#BBCtrending: Open letter condemns fake 'Syria hero boy' film
Journalists and activists around the world have signed an open letter to the Norwegian film director who staged a video showing a 'Syria hero boy' under gunfire. The letter addressed to director Lars Klevberg condemns the video as "reckless", "irresponsible" and "deceptive".
The video has been viewed almost 8 million times in total. The filmmakers claimed they wanted to ignite a conversation about children in conflict. But signatories of the open letter disagree. "This film undermines the work and the people who continue to document crimes against humanity," it says. There has also been anger online from Syrians themselves.
On the YouTube page where the staged video was originally posted, the conversation turned towards politics in Syria. Many referenced the video to reinforce their political views. "All the videos you guys have seen about how Assad is bombing and shooting his own people are fake and most of them were exposed. I knew this video was fake the first time i saw it." wrote one YouTube user, Baccara Hakim. "It is fake but that doesn't mean that its not happening everyday in Syria," wrote another, Nadia Haj.

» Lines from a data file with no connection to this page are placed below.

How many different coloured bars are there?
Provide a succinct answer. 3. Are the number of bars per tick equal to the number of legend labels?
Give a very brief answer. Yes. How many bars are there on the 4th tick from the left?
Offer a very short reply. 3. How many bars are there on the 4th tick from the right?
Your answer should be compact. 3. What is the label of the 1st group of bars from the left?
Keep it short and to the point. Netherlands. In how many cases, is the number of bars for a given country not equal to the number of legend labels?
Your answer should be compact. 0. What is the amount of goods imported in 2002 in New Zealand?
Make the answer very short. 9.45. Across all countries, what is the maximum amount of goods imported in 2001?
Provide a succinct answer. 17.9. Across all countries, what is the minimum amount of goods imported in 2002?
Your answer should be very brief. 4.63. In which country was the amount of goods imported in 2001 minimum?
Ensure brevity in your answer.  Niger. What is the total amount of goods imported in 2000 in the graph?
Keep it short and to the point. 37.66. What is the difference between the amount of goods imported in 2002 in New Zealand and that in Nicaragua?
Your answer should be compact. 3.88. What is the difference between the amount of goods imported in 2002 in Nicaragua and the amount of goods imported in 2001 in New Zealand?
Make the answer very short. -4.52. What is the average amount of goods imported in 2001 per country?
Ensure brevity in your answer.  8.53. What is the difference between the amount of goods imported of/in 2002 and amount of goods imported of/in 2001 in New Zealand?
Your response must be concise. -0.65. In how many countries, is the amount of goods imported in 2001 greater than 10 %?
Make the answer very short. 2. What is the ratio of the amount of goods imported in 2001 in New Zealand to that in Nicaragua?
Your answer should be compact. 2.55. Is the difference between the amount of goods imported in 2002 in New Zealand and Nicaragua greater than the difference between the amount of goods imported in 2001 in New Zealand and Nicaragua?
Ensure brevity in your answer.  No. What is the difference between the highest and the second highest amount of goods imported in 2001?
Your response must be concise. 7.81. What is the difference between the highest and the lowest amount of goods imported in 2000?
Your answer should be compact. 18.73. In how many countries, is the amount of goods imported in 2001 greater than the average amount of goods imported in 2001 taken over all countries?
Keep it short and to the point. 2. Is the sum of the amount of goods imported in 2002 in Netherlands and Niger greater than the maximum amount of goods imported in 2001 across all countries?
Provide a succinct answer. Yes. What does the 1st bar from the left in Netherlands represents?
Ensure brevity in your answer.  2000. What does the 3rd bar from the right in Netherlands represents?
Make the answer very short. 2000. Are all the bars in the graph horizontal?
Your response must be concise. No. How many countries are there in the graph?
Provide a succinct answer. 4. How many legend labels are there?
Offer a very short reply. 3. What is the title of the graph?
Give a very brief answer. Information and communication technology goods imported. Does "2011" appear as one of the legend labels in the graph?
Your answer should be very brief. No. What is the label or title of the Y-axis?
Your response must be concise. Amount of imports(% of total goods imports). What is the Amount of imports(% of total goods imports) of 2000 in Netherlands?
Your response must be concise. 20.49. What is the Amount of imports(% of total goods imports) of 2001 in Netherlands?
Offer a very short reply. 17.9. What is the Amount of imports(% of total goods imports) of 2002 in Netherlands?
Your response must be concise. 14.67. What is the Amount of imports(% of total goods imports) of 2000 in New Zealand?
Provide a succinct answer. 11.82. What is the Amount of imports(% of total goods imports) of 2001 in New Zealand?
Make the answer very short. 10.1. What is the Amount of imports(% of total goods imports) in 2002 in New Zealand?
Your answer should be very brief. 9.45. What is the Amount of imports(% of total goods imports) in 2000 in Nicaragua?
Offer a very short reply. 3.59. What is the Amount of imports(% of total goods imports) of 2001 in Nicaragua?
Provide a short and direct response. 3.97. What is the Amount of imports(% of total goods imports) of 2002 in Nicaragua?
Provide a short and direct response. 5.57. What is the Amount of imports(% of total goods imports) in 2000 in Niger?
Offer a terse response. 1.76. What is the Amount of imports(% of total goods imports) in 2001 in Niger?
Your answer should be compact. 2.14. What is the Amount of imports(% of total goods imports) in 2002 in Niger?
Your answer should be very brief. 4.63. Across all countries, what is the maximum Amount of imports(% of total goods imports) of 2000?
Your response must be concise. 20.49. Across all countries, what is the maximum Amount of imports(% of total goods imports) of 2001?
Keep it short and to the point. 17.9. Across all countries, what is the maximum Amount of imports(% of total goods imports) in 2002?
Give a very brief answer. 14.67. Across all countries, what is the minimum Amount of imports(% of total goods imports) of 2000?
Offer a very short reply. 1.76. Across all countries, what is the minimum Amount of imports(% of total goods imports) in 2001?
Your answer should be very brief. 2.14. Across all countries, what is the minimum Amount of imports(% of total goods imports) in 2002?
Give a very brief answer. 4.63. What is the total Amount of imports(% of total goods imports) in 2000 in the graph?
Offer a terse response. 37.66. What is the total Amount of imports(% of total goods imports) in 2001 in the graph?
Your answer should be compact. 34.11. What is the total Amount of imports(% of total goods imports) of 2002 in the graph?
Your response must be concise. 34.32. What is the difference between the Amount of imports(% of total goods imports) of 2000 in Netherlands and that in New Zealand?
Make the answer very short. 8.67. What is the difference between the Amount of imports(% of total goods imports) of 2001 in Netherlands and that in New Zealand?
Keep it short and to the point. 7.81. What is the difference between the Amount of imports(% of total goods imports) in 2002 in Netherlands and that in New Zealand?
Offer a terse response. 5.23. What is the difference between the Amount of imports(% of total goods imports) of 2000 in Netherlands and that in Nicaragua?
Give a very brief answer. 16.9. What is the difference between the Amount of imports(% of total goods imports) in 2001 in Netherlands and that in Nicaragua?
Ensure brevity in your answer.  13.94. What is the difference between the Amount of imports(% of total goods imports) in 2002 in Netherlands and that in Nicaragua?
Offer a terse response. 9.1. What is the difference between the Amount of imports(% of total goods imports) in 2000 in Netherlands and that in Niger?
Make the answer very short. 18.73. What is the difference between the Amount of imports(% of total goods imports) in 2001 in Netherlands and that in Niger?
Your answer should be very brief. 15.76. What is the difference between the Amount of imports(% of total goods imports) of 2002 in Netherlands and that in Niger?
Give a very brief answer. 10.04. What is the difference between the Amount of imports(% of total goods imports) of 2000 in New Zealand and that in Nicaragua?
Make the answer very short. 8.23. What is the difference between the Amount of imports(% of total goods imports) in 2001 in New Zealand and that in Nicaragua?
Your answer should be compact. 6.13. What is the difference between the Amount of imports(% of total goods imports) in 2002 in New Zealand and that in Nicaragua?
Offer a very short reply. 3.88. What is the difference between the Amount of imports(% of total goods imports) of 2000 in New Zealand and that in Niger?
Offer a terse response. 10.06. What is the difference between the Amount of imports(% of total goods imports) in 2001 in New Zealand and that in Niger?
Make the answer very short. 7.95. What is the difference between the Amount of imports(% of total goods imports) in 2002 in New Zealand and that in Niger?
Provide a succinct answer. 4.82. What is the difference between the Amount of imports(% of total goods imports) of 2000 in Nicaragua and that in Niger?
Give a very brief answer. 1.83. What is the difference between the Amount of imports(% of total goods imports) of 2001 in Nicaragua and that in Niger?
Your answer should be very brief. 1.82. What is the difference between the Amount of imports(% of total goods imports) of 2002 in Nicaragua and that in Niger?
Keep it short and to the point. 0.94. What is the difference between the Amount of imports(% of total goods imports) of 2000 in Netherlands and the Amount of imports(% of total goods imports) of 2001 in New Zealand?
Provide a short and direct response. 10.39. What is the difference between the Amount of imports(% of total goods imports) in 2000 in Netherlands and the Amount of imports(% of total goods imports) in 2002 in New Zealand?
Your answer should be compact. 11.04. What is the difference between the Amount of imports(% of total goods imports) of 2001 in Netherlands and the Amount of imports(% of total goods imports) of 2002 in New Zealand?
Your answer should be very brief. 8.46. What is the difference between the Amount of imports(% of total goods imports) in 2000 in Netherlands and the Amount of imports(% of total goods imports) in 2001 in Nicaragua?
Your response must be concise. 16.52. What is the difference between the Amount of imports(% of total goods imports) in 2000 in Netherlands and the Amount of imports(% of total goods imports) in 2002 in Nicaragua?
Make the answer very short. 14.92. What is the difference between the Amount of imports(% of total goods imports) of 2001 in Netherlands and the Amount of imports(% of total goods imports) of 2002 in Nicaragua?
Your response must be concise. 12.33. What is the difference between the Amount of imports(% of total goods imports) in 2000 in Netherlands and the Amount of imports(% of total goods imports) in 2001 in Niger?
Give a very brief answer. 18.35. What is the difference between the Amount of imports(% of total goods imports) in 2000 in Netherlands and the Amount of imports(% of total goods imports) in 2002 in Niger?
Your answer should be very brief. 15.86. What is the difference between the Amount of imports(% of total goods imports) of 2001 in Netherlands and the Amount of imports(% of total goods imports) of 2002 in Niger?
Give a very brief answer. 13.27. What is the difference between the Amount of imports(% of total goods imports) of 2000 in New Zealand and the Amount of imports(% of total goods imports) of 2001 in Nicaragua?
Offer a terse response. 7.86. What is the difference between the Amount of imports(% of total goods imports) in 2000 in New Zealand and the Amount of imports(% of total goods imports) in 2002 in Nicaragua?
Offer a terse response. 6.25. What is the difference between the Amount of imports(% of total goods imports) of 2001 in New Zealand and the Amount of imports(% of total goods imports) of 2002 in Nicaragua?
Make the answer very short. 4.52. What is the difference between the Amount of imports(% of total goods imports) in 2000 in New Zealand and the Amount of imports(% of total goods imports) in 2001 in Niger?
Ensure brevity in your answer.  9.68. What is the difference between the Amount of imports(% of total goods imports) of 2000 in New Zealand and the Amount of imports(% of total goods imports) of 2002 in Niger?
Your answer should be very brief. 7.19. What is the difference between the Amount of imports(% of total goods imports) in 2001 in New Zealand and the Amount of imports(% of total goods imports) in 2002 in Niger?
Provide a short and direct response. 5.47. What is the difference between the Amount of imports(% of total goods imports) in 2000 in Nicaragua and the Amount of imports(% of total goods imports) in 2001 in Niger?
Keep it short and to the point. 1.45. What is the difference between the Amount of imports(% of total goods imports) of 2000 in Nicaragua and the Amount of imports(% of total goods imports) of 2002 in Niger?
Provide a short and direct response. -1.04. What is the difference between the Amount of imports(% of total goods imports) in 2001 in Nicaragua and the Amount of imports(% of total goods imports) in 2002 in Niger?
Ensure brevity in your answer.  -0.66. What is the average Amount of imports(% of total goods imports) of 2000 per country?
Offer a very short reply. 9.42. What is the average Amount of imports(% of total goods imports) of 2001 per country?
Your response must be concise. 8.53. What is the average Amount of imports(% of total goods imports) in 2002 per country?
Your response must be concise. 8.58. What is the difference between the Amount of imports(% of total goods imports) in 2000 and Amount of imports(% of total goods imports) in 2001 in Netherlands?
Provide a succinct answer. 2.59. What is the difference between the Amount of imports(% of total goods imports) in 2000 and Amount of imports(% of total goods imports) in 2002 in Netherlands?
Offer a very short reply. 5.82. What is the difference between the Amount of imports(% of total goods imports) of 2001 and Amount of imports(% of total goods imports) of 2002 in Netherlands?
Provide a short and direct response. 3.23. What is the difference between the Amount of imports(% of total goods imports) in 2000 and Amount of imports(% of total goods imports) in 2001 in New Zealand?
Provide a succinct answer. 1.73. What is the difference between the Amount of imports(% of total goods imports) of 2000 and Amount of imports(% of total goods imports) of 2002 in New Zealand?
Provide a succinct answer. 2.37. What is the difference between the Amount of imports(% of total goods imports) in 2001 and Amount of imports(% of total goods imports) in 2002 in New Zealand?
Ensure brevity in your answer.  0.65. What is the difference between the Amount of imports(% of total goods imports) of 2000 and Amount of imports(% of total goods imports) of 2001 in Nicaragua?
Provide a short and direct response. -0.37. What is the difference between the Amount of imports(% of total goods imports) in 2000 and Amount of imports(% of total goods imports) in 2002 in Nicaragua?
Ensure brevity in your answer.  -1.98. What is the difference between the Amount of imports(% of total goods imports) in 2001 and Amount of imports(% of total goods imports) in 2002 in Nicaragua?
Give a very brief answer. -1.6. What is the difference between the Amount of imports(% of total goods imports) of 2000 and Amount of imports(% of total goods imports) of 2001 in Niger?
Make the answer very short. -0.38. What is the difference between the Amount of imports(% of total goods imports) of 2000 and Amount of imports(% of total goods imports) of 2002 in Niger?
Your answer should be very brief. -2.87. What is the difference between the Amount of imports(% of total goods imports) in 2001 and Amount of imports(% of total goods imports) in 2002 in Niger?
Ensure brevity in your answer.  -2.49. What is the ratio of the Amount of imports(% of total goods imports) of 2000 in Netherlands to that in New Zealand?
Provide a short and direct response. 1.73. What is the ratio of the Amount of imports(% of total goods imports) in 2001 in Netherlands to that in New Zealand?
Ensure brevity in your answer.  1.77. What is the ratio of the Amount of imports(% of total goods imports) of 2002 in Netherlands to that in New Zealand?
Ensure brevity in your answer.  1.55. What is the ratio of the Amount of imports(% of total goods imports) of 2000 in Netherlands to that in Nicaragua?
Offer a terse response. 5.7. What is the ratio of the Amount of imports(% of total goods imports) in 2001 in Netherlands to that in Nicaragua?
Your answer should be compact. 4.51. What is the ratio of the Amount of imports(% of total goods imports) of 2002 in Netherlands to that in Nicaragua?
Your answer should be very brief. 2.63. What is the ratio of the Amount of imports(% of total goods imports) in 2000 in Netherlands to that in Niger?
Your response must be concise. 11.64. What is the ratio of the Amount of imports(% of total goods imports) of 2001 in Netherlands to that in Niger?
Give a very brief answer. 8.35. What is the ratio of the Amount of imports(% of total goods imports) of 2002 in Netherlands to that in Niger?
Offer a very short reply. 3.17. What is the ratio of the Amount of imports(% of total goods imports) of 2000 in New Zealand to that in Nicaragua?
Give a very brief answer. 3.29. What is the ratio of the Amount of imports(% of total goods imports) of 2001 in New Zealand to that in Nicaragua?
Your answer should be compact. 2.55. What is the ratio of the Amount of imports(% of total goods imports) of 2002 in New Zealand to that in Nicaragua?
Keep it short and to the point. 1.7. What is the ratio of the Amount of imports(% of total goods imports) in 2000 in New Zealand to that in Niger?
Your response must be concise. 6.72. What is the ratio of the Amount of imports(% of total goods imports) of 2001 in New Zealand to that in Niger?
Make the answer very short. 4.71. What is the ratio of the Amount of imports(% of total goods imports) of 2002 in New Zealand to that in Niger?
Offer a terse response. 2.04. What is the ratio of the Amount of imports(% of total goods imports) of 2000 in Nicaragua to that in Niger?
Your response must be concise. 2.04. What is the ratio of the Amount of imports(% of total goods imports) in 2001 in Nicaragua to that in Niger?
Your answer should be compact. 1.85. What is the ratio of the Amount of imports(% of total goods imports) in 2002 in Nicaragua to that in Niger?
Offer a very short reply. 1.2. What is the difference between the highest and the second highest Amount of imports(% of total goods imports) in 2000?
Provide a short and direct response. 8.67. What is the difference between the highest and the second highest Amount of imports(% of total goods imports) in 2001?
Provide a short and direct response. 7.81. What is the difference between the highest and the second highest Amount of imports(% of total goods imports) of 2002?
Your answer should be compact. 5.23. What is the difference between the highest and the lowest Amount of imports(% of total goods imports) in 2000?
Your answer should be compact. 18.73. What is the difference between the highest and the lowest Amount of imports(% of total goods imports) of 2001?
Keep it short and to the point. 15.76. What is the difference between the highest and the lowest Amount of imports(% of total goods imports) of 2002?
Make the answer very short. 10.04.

"It has now deterred people from sharing potentially dramatic news items unless we all become video forensics experts overnight" Aboud Dandachi, a displaced Syrian from Homs, now based in Istanbul, told BBC Trending. "This has been the biggest setback to citizen journalism since the concept began. The children will no longer be the topic of discussion."
"The misery of children -and others - in Syria is very real. There is no need to fictionalise it. Fictionalising in order to draw attention to it does the exact opposite of the desired effect," Kinda Haddad, a Syrian-Dutch journalist, told BBC Trending. "It introduces doubt into any story that has come out of Syria over the last few years as well as anything that will come out in future. People on both sides will use this to their advantage. And if people are unable to tell the difference between fact and fiction they will quickly lose interest in a conflict that is causing untold misery."
Fred Abrahams of Human Rights Watch said the video did more damage than good. "Now I'm just disgusted," Abrahams wrote. "By releasing a fake video, Klevberg (the director) has made it easier for war criminals to dismiss credible images of abuse."